WORK TO COMPLETE:
From the entries that follow, extract each line holding the string "object".

Stored items from a collection:
──────────────────────────────
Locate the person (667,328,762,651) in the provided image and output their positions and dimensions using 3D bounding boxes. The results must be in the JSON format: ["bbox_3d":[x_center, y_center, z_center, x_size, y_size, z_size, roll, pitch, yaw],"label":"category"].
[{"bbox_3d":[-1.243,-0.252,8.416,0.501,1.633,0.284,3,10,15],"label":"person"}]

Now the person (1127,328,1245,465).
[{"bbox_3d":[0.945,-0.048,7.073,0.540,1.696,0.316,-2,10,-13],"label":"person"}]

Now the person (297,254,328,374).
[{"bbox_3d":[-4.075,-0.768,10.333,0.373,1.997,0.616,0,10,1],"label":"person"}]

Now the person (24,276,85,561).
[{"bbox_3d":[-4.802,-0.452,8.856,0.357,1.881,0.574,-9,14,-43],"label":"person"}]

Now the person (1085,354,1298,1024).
──────────────────────────────
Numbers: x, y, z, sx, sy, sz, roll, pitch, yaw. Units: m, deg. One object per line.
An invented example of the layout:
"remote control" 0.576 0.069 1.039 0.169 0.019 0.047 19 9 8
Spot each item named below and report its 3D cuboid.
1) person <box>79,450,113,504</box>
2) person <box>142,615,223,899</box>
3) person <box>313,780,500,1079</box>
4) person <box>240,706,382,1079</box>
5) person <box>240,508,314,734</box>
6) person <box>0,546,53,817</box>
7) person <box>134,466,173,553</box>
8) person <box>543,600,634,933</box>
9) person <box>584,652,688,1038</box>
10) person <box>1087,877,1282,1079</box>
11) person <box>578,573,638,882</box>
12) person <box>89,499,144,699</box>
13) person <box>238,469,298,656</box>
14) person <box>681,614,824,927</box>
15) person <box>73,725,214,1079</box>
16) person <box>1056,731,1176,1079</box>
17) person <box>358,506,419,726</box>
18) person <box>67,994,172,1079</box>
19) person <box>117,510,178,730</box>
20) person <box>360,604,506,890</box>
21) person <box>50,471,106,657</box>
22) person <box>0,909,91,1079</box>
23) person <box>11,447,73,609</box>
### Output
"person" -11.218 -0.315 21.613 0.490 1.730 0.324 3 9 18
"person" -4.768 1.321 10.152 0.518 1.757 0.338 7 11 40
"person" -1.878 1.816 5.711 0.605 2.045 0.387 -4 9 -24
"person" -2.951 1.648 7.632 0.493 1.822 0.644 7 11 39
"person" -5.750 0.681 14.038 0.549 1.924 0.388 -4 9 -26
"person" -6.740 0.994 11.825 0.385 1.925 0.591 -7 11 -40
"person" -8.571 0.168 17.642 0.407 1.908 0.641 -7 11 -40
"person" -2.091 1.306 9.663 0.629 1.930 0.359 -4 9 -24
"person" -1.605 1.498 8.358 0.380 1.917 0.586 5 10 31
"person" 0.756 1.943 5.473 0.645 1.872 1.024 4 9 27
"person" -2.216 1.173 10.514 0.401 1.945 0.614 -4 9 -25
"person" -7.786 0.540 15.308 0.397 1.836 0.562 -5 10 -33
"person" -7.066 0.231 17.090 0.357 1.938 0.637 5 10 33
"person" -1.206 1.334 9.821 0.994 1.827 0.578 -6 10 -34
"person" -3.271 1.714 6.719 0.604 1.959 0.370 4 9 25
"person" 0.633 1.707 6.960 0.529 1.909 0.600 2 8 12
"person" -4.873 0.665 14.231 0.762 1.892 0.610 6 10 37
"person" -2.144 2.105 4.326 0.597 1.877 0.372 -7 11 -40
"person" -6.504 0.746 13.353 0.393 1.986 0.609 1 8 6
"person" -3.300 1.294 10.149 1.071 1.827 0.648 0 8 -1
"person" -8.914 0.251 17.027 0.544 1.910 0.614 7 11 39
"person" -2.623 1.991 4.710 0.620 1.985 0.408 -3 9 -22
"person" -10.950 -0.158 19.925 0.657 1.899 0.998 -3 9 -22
──────────────────────────────
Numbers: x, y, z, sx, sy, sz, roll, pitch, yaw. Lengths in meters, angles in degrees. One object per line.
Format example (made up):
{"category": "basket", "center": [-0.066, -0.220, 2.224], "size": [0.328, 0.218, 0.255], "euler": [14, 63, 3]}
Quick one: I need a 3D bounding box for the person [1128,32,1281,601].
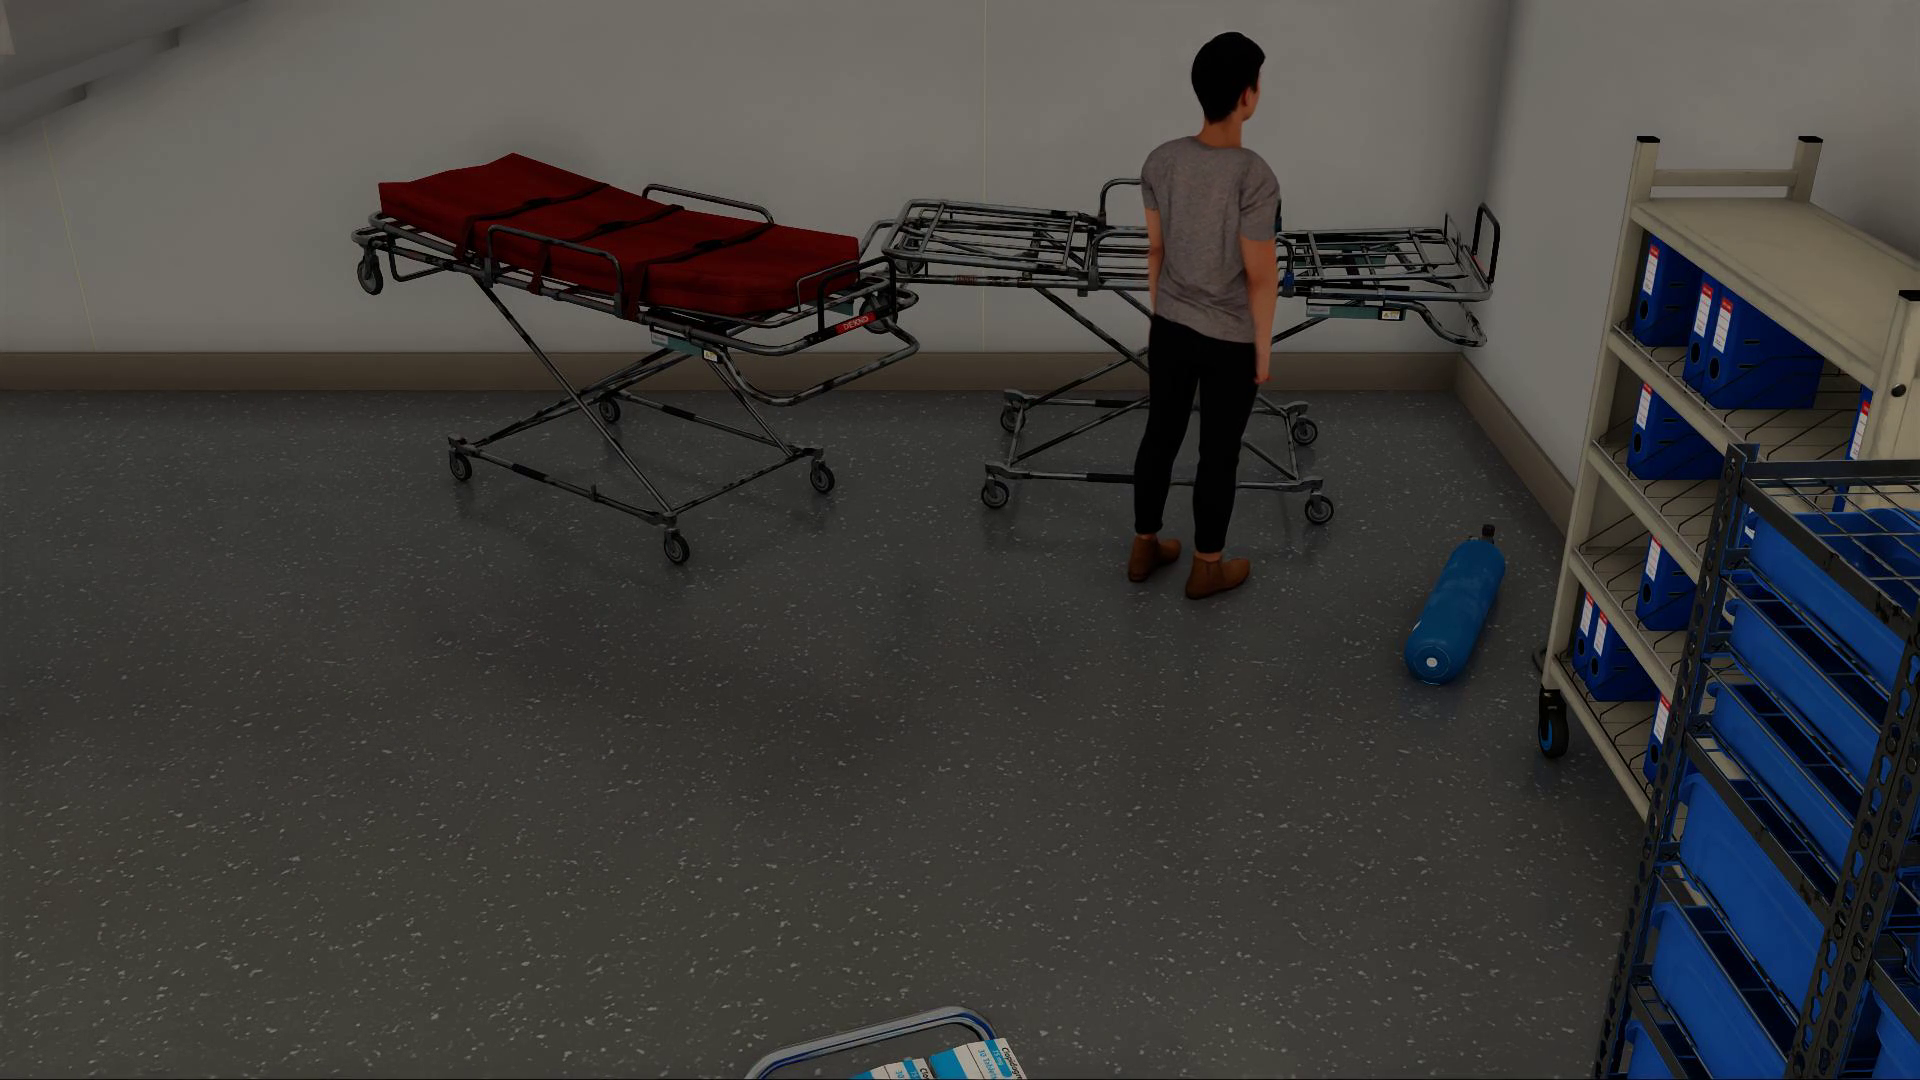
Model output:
──────────────────────────────
EXERCISE ANSWER:
Numbers: x, y, z, sx, sy, sz, roll, pitch, yaw. Units: m, deg. One object per line.
Numbers: x, y, z, sx, sy, sz, roll, pitch, yaw. Lengths in meters, angles in degrees. One object per line.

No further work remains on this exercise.